As president and managing director at McQuaide Blasko since July 2018, Sean Burke manages and oversees the delivery of multidisciplinary legal services for four offices within Central Pennsylvania. Based in the firm’s Blair County office, Burke represents closely held business entities with a focus on mergers, acquisitions, and land development. His primary specialty is in agricultural businesses, including farmers, cooperative associations, agricultural lenders, and agricultural equipment manufacturers. In addition, Burke provides counsel to business owners in succession and estate planning matters.

Born and raised in Hollidaysburg, Pennsylvania, Burke joined McQuaide Blasko in 2005. He graduated cum laude from St. Vincent College in Latrobe with a Bachelor of Science degree in political science and economics in 2002. He earned his Juris Doctorate degree in 2005 from Washington University in St. Louis.

Burke currently serves as vice president on the Hollidaysburg Borough Council and his wife, Laura, is running for Blair County commissioner. Town&Gown founder Mimi Barash Coppersmith sat down with Burke at Federal Taphouse in State College to discuss McQuaide Blasko’s legacy in providing legal expertise in Centre, Blair, and Dauphin counties, meeting the evolving needs of their clients and the community.

Mimi: Welcome! You happen to be part of an organization with an unbelievable legacy. The founders of what is now McQuaide Blasko were prominent citizens in mostly Bellefonte in the beginning, the county seat. Love and Wilkinson were the names as far back as I can remember. And of course, I knew Roy Wilkinson very well.
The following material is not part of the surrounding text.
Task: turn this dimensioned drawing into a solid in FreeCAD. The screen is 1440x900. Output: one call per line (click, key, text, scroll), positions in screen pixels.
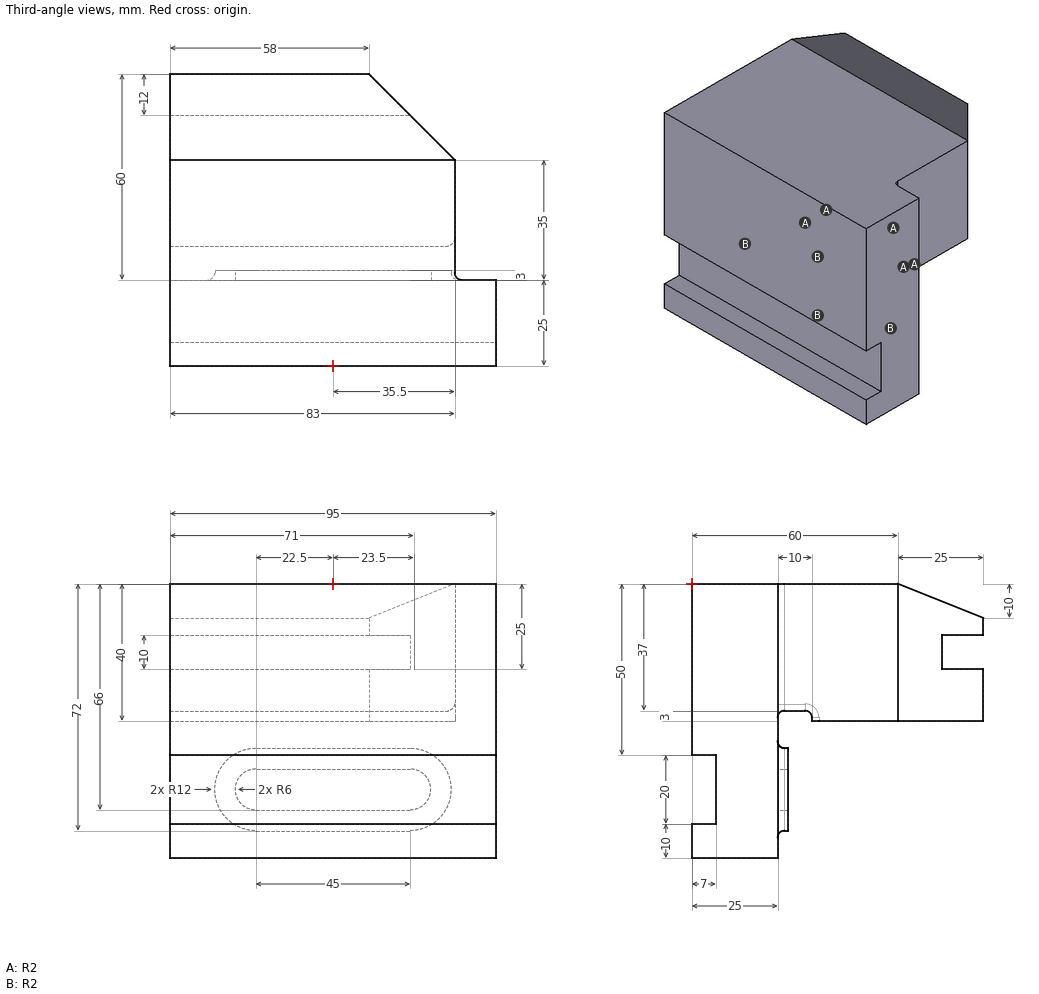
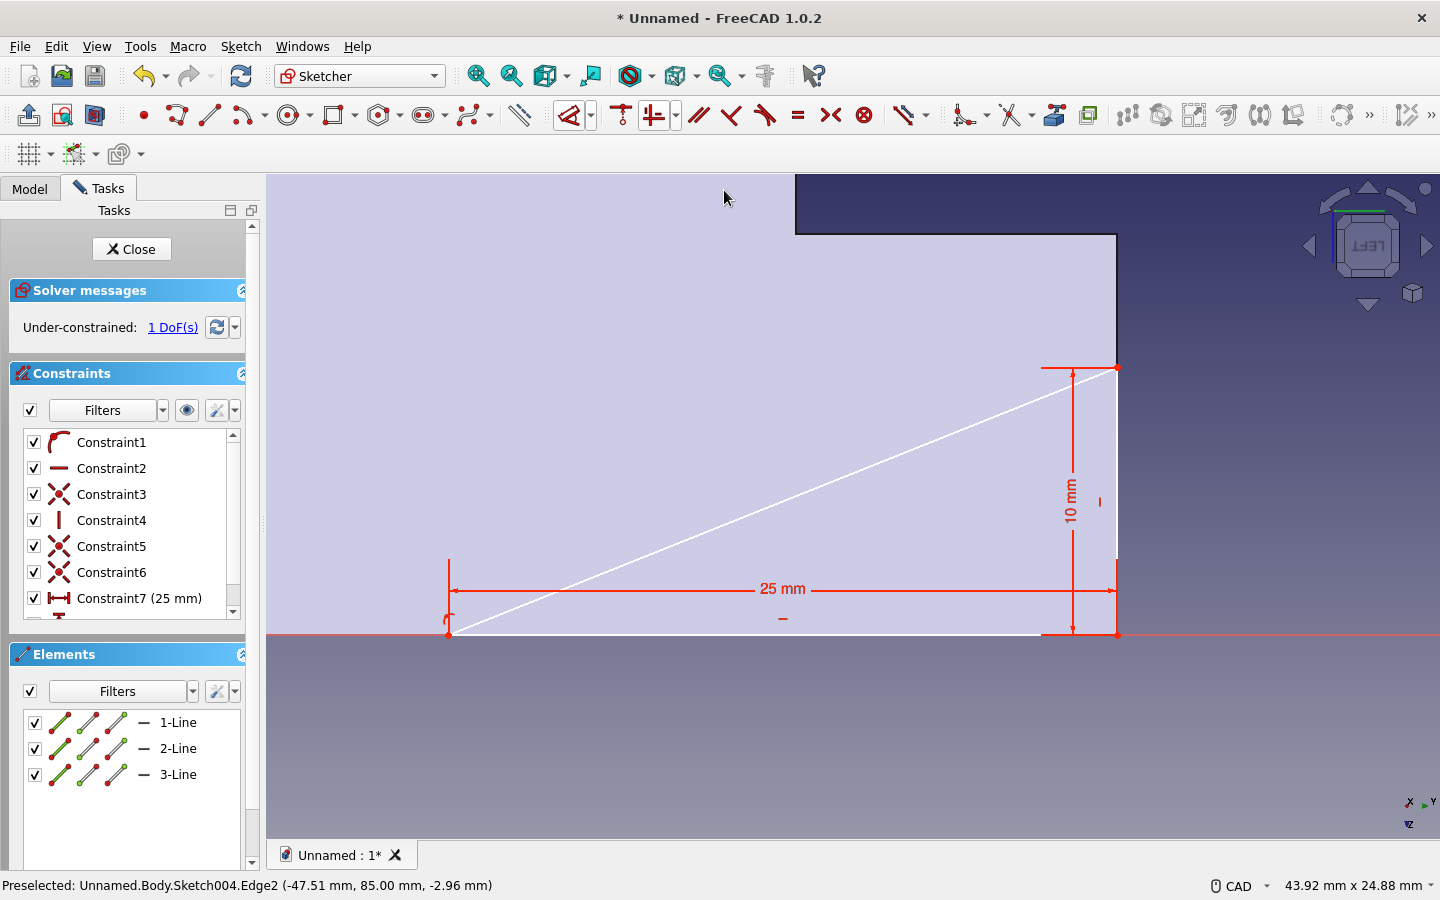
click(449, 635)

He handled a lot of issues for us in the early years of our business, and of course, was a great influence at Penn State, particularly during the Eisenhower presidency of Penn State. So, it is an organization that has had close ties in Centre County and Penn State for a long time. And now, it has branches in Blair County and in Hershey.

Sean: And in Williamsport.

Mimi: So, as a young new leader of the group, what made you do it?

Sean: I enjoy being out in front of things, and so I've always wanted to be leading our firm. I had been on the management committee before becoming managing shareholder. And having been in the branch office, there are leadership or management opportunities that present themselves probably a little bit more quickly than they would at a larger plant.

Mimi: Of course, they give you a different perspective as well.

Sean: They certainly do. We are fortunate in our branch offices to have the best of both worlds where you have that large law firm feel because of capabilities, facilities, and the breadth and depth of talent.

Mimi: And a reputation along the way.

Sean: Certainly. Having that available, but then having the small office feel, and the cats are perpetually away, so the mice may play in a branch office. That's been a nice juxtaposition for us. And it's allowed us to capitalize on providing sophisticated services and also providing that hometown feel and being rooted in the community. You're able to get sophisticated legal services from the law firm of the person who's coaching your son or daughter in soccer. There's a certain level of accountability and shared morals that our clients and business partners find to be desirable.

Mimi: It's my observation also that you take an active role in the community, that you're not all law and no play.

Sean: That's true. We encourage our attorneys to get involved in leadership programs that the counties provide, whether it be through Leadership Blair County or Leadership Centre County. Most McQuaide Blasko attorneys are a past president of a Rotary Club.

Mimi: They’re every place. I can't help but comment on the fact that whether it's the Center for the Performing Arts or in the nonprofit world, your attorneys volunteer time and money which is important to sustaining a great number of these charitable efforts.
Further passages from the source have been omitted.